I am trying to use gitea as a backend system, and as such want to login with username and password via the api and then use a token for any further api requests
I must be blind - I just can’t see any documented api for login. I see that there is a “basic” auth but I don’t want to use that in case the headers get logged.
The login POST’s to /user/login - I have tried that, but no token is returned
any insight would be appreciated 
Here is the documentation on creating a token: https://try.gitea.io/api/swagger#/user/userCreateToken you must use username/pass via basic auth on that endpoint. Once you have a token you can use it an all other endpoints.

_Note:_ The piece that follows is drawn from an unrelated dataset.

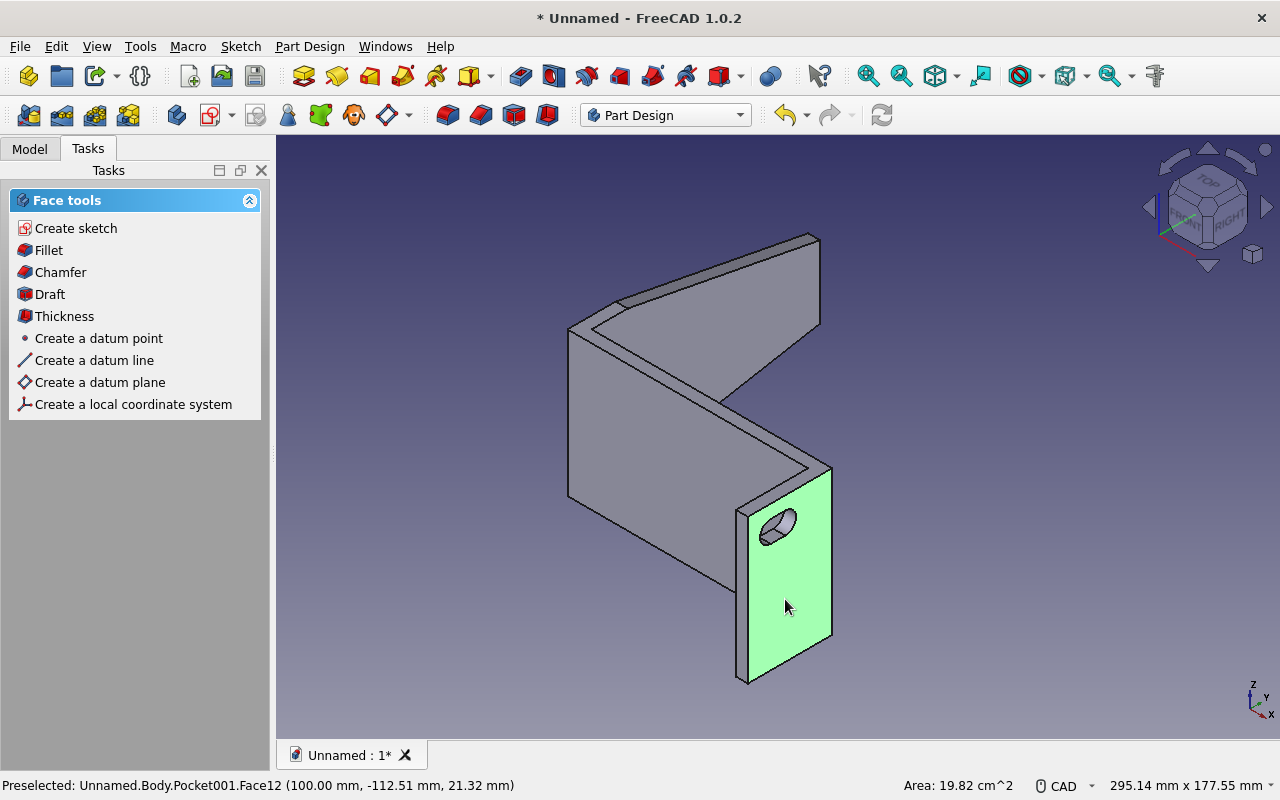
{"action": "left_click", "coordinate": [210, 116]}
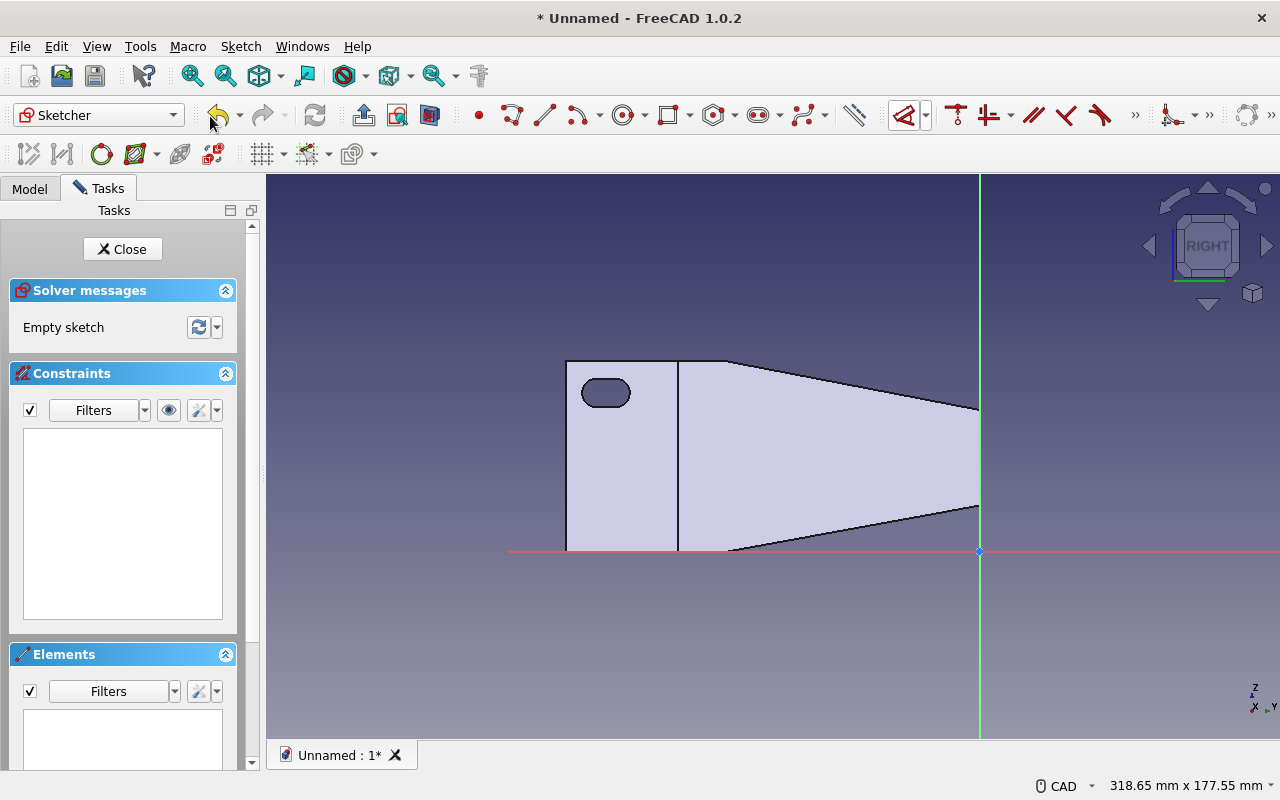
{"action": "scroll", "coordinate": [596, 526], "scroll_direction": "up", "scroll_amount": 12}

I can’t execute it on Gitea 1.7.4
Using Swagger UI I try to create a token for an existing user:
username = alice
password = 123456
Basic authorization: Done
Execute for ‘alice’ now:
curl -X POST "https://localhost:3000/api/v1/users/alice/tokens" -H "accept: application/json" -H "authorization: Basic bmlrb2xheToxMjM0NTY=" -H "Content-Type: application/json" -d "{ \"name\": \"token_name\"}"
Server response:
Code: 401 Error: Unauthorized
I tried Basic auth as an administrator but got the same error.
What did I miss here? 
Seems, it’s works only as:
curl -X POST "https://alice:123456@localhost:3000/api/v1/users/alice/tokens" -H "accept: application/json" -H "Content-Type: application/json" -d "{
\"name\": \"token_name\"
}"
Executed it via console.
Came across this and one reason could be that
your curl example has username “nikolay” and not “alice” inside the basic auth string.